The same Convention also
agreed that the water measure of victual and salt imported from foreign
countries should contain eighteen pecks to the boll, and be divided into
boll, half boll, and quarter boll, and be used by all burghs under
pecuniary penalties. All native goods were to be received, sold, and
delivered according to the stone weight of Lanark and its pound and half
pound, but foreign goods were to be weighed according to the Mint weight
of sixteen ounces to the pound. The ell was to be in every case the ell
of Edinburgh.
The western burghs, and
especially Ayr, Irvine, and Dumbarton, had customary measures, which
were apparently larger than those used in other parts of the country.
Various complaints were made about these, and in 1602, at the Convention
held at Ayr in July, the provost and bailies of that burgh were ordered
to have their quart, pint, choppin, and mutchkin conform to the stoup of
Stirling.
At Haddington, in 1603,
the town of Wigton was ordered to choose common measurers, who were to
be responsible for measuring truly all sorts of cloth; but, having
failed to do this, the matter was reported to the Convention at Perth in
1604, and the burgh was fined £20 for non-compliance with the order, and
again ordained to appoint measurers. This matter came up once more at
Dumfries in 1605, when it was decided that buyers and sellers of cloth
should be free to arrange with one another for the measuring of cloth,
but in case of dispute a reference was to be made to the common
measurer, and the seller was to pay him a fee of ten pennies.
The burgh of Glasgow was
ordered in 1607 to conform their tron weight to the standard of Lanark,
and their troy weights to those of France.
The Convention of Royal
Burghs after the Act of Parliament of 1618 made frequent attempts from
time to time to secure the much to be desired uniformity in the
standards.

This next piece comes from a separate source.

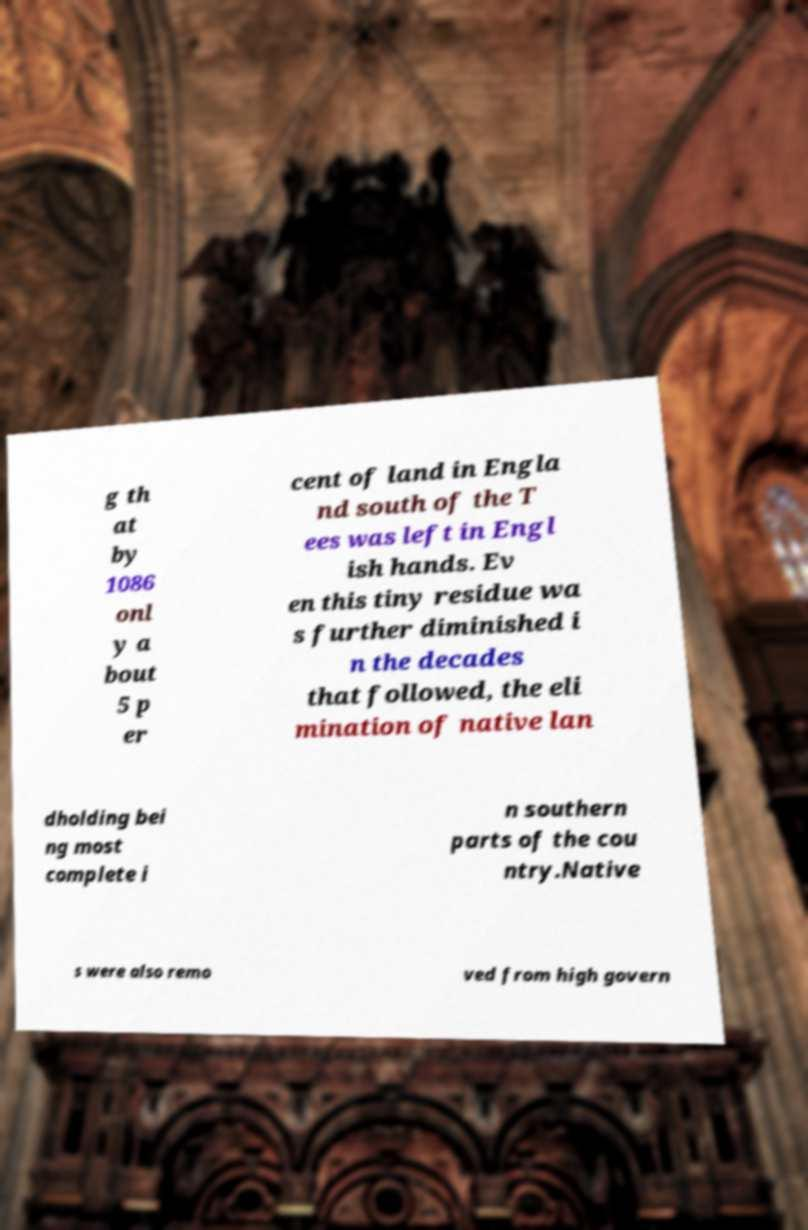Could you assist in decoding the text presented in this image and type it out clearly? g th at by 1086 onl y a bout 5 p er cent of land in Engla nd south of the T ees was left in Engl ish hands. Ev en this tiny residue wa s further diminished i n the decades that followed, the eli mination of native lan dholding bei ng most complete i n southern parts of the cou ntry.Native s were also remo ved from high govern

Thus in 1689 among the grievances of the Burghs formally
enumerated for the favourable consideration of Parliament, the
twenty-third item was that “redres be craved of the great grievance of
the inequality of measurs that are within royall burghs and burghs of
bar-ronie and regalitie such as Dalkeith and vthers and that the Act of
Parliament 1587 anent mets and measures be revived.”
At the Union the Imperial
standards superseded formally the ancient system, though for long
afterwards and down to the beginning of the present century custom
proved stronger than law.
At a very early period,
and certainly before 1552, the standards of the ell, the stone, the
stoup or pint, and the firlot, were entrusted to the keeping of the
burghs of Edinburgh, Lanark, Stirling, and Linlithgow respectively. It
will now be convenient to consider the history of each of these.
The unit of lineal
measure in mediaeval Scotland appears to have been the “eln” or ell. The
“Burgh Laws” ordain that every burgess is to have in his house a “mesure
to met his corne, ane elnewand, a stane and punde wecht for til wey”:
and in the “Assize of Kyng Dauid of Mesuris and Wechtis” the first
article treats “of the eln.”
The Scottish ell
contained thirty-seven inches, each inch being equal in length to three
selected barley or bere corns without their tails (sine caudis); or to
the length of the thumb of a man of middle stature, measuring to the
root of the nail (pollex atitem debet mensurari ad radicem unguis
pollicis).
The assize of James I. in
1425 confirmed the statute of David I. “ande deliverit the elne to
contene xxxvij inches.”
The Commission appointed
in 1587 to consider and settle the standards for the whole country
declared that the ell measure of Edinburgh containing thirty-seven
inches was to be the standard of length. In 1617 the Commissioners, then
appointed, confirmed and ratified the findings of their predecessors so
far as the ell was concerned, and' ordered the standard of the ell
measure to be kept by the burgh of Edinburgh. The foot measure came into
use shortly afterwards, and is first mentioned in the parliamentary
records in 1663. An Act of that year provides that for the future the
foot is to consist of twelve inches, each equal to one thirty-seventh
part of the standard ell measure of Edinburgh. It appears that the ell
had been divided erroneously into forty-two inches, and a customary foot
of twelve of these shorter inches had come into common use. The Act
orders a standard foot of iron or copper to be provided by the
Magistrates of Edinburgh before 1st January, 1664, and all burghs before
the ist of March of the same year were ordained to have measures made
from it and hung on their tolbooth doors or market crosses, by which all
wrights, glaziers, masons, and other workmen were to work.
In 1685 the Parliament of
James VII. declared that three barley corns set lengthways should make
one inch; that twelve inches should make one foot; that three feet
should make one yard; that three feet and one inch should make one ell;
and that one thousand seven hundred and sixty yards should make one
mile; and this was to be the standard in computing distances from place
to place in all time coming.
The standard of the “eln”
was of old committed
Standards of the Ell in
the Custody of the City of Edinburgh
Fig. I.-—Imperial Yard
and English EU ( =45 inches), 1707.
Fig. 2.—Ancient Scottish Ell Standard, of Iron, =37 inches.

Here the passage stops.